She released his arm and he continued talking as if nothing had just passed between them.

“The gun was used once before in a robbery. Got a bullet from a convenience store wall. Sean swore up and down he paid a hundred dollars for the gun from some guy who’s since been picked up in Florida for armed robbery. Sean had a
witness
to the buy of the gun. We couldn’t place him at the scene of the robbery. And he had an alibi. So, the most we could charge him with was concealing a weapon without a permit.”

“Emm,” Lainey murmured. “And the judge just smiled at us when he was released after Simone’s death, refused to hold him on firearms charges. I remember how the judge said he wasn’t gonna get named in a frivolous lawsuit against a guy who just got let off for murder.”

Fiery anger erupted through her at the memory of how Sean Moseman had walked out of the jail, getting off on murder.

“Do you think this is him doing this?”

“We’ll have to see if we can get a signature of him getting the gun back from the property department, check the video cameras, see if they recorded him picking it up.” He smiled. “If so, we got our man cold.”

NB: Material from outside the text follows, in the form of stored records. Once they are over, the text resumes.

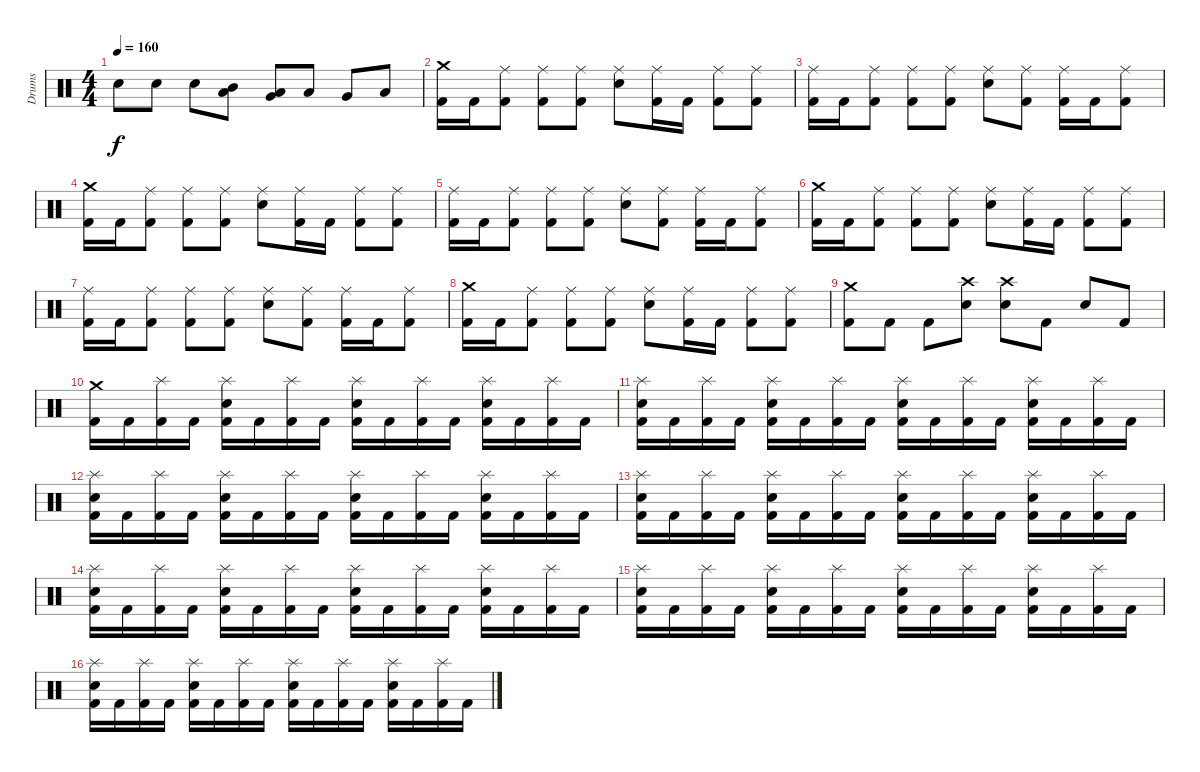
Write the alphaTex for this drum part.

\track ("Drums" "Drums") {instrument percussion}
\staff {score}
\articulation defaults
\ts (4 4)
\tempo 160
\clef neutral
\ks c "Electric Snare (hit)".8{dy f} "Electric Snare (hit)".8 "Electric Snare (hit)".8
("Mid Tom (hit)" "Low Tom (hit)").8 ("Very Low Tom (hit)" "Low Floor Tom (hit)").8 "Low Tom (hit)".8 "Very Low Tom (hit)".8 "Low Floor Tom (hit)".8 |
("Crash medium (hit)" "Kick (hit) 2").16 "Kick (hit) 2".16 ("Ride (middle)" "Kick (hit) 2").8 ("Ride (middle)" "Kick (hit) 2").8 ("Ride (middle)" "Kick (hit) 2").8 ("Ride (middle)" "Electric Snare (hit)").8 ("Ride (middle)" "Kick (hit) 2").16 "Kick (hit) 2".16 ("Ride (middle)" "Kick (hit) 2").8 ("Ride (middle)" "Kick (hit) 2").8 |
("Ride (middle)" "Kick (hit) 2").16 "Kick (hit) 2".16 ("Ride (middle)" "Kick (hit) 2").8 ("Ride (middle)" "Kick (hit) 2").8 ("Ride (middle)" "Kick (hit) 2").8 ("Ride (middle)" "Electric Snare (hit)").8 ("Ride (middle)" "Kick (hit) 2").8 ("Ride (middle)" "Kick (hit) 2").16 "Kick (hit) 2".16 ("Ride (middle)" "Kick (hit) 2").8 |
("Crash medium (hit)" "Kick (hit) 2").16 "Kick (hit) 2".16 ("Ride (middle)" "Kick (hit) 2").8 ("Ride (middle)" "Kick (hit) 2").8 ("Ride (middle)" "Kick (hit) 2").8 ("Ride (middle)" "Electric Snare (hit)").8 ("Ride (middle)" "Kick (hit) 2").16 "Kick (hit) 2".16 ("Ride (middle)" "Kick (hit) 2").8 ("Ride (middle)" "Kick (hit) 2").8 |
("Ride (middle)" "Kick (hit) 2").16 "Kick (hit) 2".16 ("Ride (middle)" "Kick (hit) 2").8 ("Ride (middle)" "Kick (hit) 2").8 ("Ride (middle)" "Kick (hit) 2").8 ("Ride (middle)" "Electric Snare (hit)").8 ("Ride (middle)" "Kick (hit) 2").8 ("Ride (middle)" "Kick (hit) 2").16 "Kick (hit) 2".16 ("Ride (middle)" "Kick (hit) 2").8 |
("Crash medium (hit)" "Kick (hit) 2").16 "Kick (hit) 2".16 ("Ride (middle)" "Kick (hit) 2").8 ("Ride (middle)" "Kick (hit) 2").8 ("Ride (middle)" "Kick (hit) 2").8 ("Ride (middle)" "Electric Snare (hit)").8 ("Ride (middle)" "Kick (hit) 2").16 "Kick (hit) 2".16 ("Ride (middle)" "Kick (hit) 2").8 ("Ride (middle)" "Kick (hit) 2").8 |
("Ride (middle)" "Kick (hit) 2").16 "Kick (hit) 2".16 ("Ride (middle)" "Kick (hit) 2").8 ("Ride (middle)" "Kick (hit) 2").8 ("Ride (middle)" "Kick (hit) 2").8 ("Ride (middle)" "Electric Snare (hit)").8 ("Ride (middle)" "Kick (hit) 2").8 ("Ride (middle)" "Kick (hit) 2").16 "Kick (hit) 2".16 ("Ride (middle)" "Kick (hit) 2").8 |
("Crash medium (hit)" "Kick (hit) 2").16 "Kick (hit) 2".16 ("Ride (middle)" "Kick (hit) 2").8 ("Ride (middle)" "Kick (hit) 2").8 ("Ride (middle)" "Kick (hit) 2").8 ("Ride (middle)" "Electric Snare (hit)").8 ("Ride (middle)" "Kick (hit) 2").16 "Kick (hit) 2".16 ("Ride (middle)" "Kick (hit) 2").8 ("Ride (middle)" "Kick (hit) 2").8 |
("Crash medium (hit)" "Kick (hit) 2").8 "Kick (hit) 2".8 "Kick (hit) 2".8 ("Crash high (hit)" "Electric Snare (hit)").8 ("Crash high (hit)" "Electric Snare (hit)").8 "Kick (hit) 2".8 "Electric Snare (hit)".8 "Kick (hit) 2".8 |
("Crash medium (hit)" "Kick (hit) 2").16 "Kick (hit) 2".16 ("Splash (hit)" "Kick (hit) 2").16 "Kick (hit) 2".16 ("Splash (hit)" "Electric Snare (hit)" "Kick (hit) 2").16 "Kick (hit) 2".16 ("Splash (hit)" "Kick (hit) 2").16 "Kick (hit) 2".16 ("Splash (hit)" "Electric Snare (hit)" "Kick (hit) 2").16 "Kick (hit) 2".16 ("Splash (hit)" "Kick (hit) 2").16 "Kick (hit) 2".16 ("Splash (hit)" "Electric Snare (hit)" "Kick (hit) 2").16 "Kick (hit) 2".16 ("Splash (hit)" "Kick (hit) 2").16 "Kick (hit) 2".16 |
("Splash (hit)" "Electric Snare (hit)" "Kick (hit) 2").16 "Kick (hit) 2".16 ("Splash (hit)" "Kick (hit) 2").16 "Kick (hit) 2".16 ("Splash (hit)" "Electric Snare (hit)" "Kick (hit) 2").16 "Kick (hit) 2".16 ("Splash (hit)" "Kick (hit) 2").16 "Kick (hit) 2".16 ("Splash (hit)" "Electric Snare (hit)" "Kick (hit) 2").16 "Kick (hit) 2".16 ("Splash (hit)" "Kick (hit) 2").16 "Kick (hit) 2".16 ("Splash (hit)" "Electric Snare (hit)" "Kick (hit) 2").16 "Kick (hit) 2".16 ("Splash (hit)" "Kick (hit) 2").16 "Kick (hit) 2".16 |
("Splash (hit)" "Electric Snare (hit)" "Kick (hit) 2").16 "Kick (hit) 2".16 ("Splash (hit)" "Kick (hit) 2").16 "Kick (hit) 2".16 ("Splash (hit)" "Electric Snare (hit)" "Kick (hit) 2").16 "Kick (hit) 2".16 ("Splash (hit)" "Kick (hit) 2").16 "Kick (hit) 2".16 ("Splash (hit)" "Electric Snare (hit)" "Kick (hit) 2").16 "Kick (hit) 2".16 ("Splash (hit)" "Kick (hit) 2").16 "Kick (hit) 2".16 ("Splash (hit)" "Electric Snare (hit)" "Kick (hit) 2").16 "Kick (hit) 2".16 ("Splash (hit)" "Kick (hit) 2").16 "Kick (hit) 2".16 |
("Splash (hit)" "Electric Snare (hit)" "Kick (hit) 2").16 "Kick (hit) 2".16 ("Splash (hit)" "Kick (hit) 2").16 "Kick (hit) 2".16 ("Splash (hit)" "Electric Snare (hit)" "Kick (hit) 2").16 "Kick (hit) 2".16 ("Splash (hit)" "Kick (hit) 2").16 "Kick (hit) 2".16 ("Splash (hit)" "Electric Snare (hit)" "Kick (hit) 2").16 "Kick (hit) 2".16 ("Splash (hit)" "Kick (hit) 2").16 "Kick (hit) 2".16 ("Splash (hit)" "Electric Snare (hit)" "Kick (hit) 2").16 "Kick (hit) 2".16 ("Splash (hit)" "Kick (hit) 2").16 "Kick (hit) 2".16 |
("Splash (hit)" "Electric Snare (hit)" "Kick (hit) 2").16 "Kick (hit) 2".16 ("Splash (hit)" "Kick (hit) 2").16 "Kick (hit) 2".16 ("Splash (hit)" "Electric Snare (hit)" "Kick (hit) 2").16 "Kick (hit) 2".16 ("Splash (hit)" "Kick (hit) 2").16 "Kick (hit) 2".16 ("Splash (hit)" "Electric Snare (hit)" "Kick (hit) 2").16 "Kick (hit) 2".16 ("Splash (hit)" "Kick (hit) 2").16 "Kick (hit) 2".16 ("Splash (hit)" "Electric Snare (hit)" "Kick (hit) 2").16 "Kick (hit) 2".16 ("Splash (hit)" "Kick (hit) 2").16 "Kick (hit) 2".16 |
("Splash (hit)" "Electric Snare (hit)" "Kick (hit) 2").16 "Kick (hit) 2".16 ("Splash (hit)" "Kick (hit) 2").16 "Kick (hit) 2".16 ("Splash (hit)" "Electric Snare (hit)" "Kick (hit) 2").16 "Kick (hit) 2".16 ("Splash (hit)" "Kick (hit) 2").16 "Kick (hit) 2".16 ("Splash (hit)" "Electric Snare (hit)" "Kick (hit) 2").16 "Kick (hit) 2".16 ("Splash (hit)" "Kick (hit) 2").16 "Kick (hit) 2".16 ("Splash (hit)" "Electric Snare (hit)" "Kick (hit) 2").16 "Kick (hit) 2".16 ("Splash (hit)" "Kick (hit) 2").16 "Kick (hit) 2".16 |
("Splash (hit)" "Electric Snare (hit)" "Kick (hit) 2").16 "Kick (hit) 2".16 ("Splash (hit)" "Kick (hit) 2").16 "Kick (hit) 2".16 ("Splash (hit)" "Electric Snare (hit)" "Kick (hit) 2").16 "Kick (hit) 2".16 ("Splash (hit)" "Kick (hit) 2").16 "Kick (hit) 2".16 ("Splash (hit)" "Electric Snare (hit)" "Kick (hit) 2").16 "Kick (hit) 2".16 ("Splash (hit)" "Kick (hit) 2").16 "Kick (hit) 2".16 ("Splash (hit)" "Electric Snare (hit)" "Kick (hit) 2").16 "Kick (hit) 2".16 ("Splash (hit)" "Kick (hit) 2").16 "Kick (hit) 2".16

A grin spread across her face, warming her with the expectation of putting Sean Moseman away for good. “Oh man, could he be so stupid?”

The smile slipped from Brice’s face. “That’s one thing he’s not is stupid. Let’s just hope he was careless, thinking we wouldn’t put two and two together.”

A gnawing desire chewed at her insides, with the need to finally put that bastard away.

Brice’s eyes narrowed. “We’ll get him one way or the other.”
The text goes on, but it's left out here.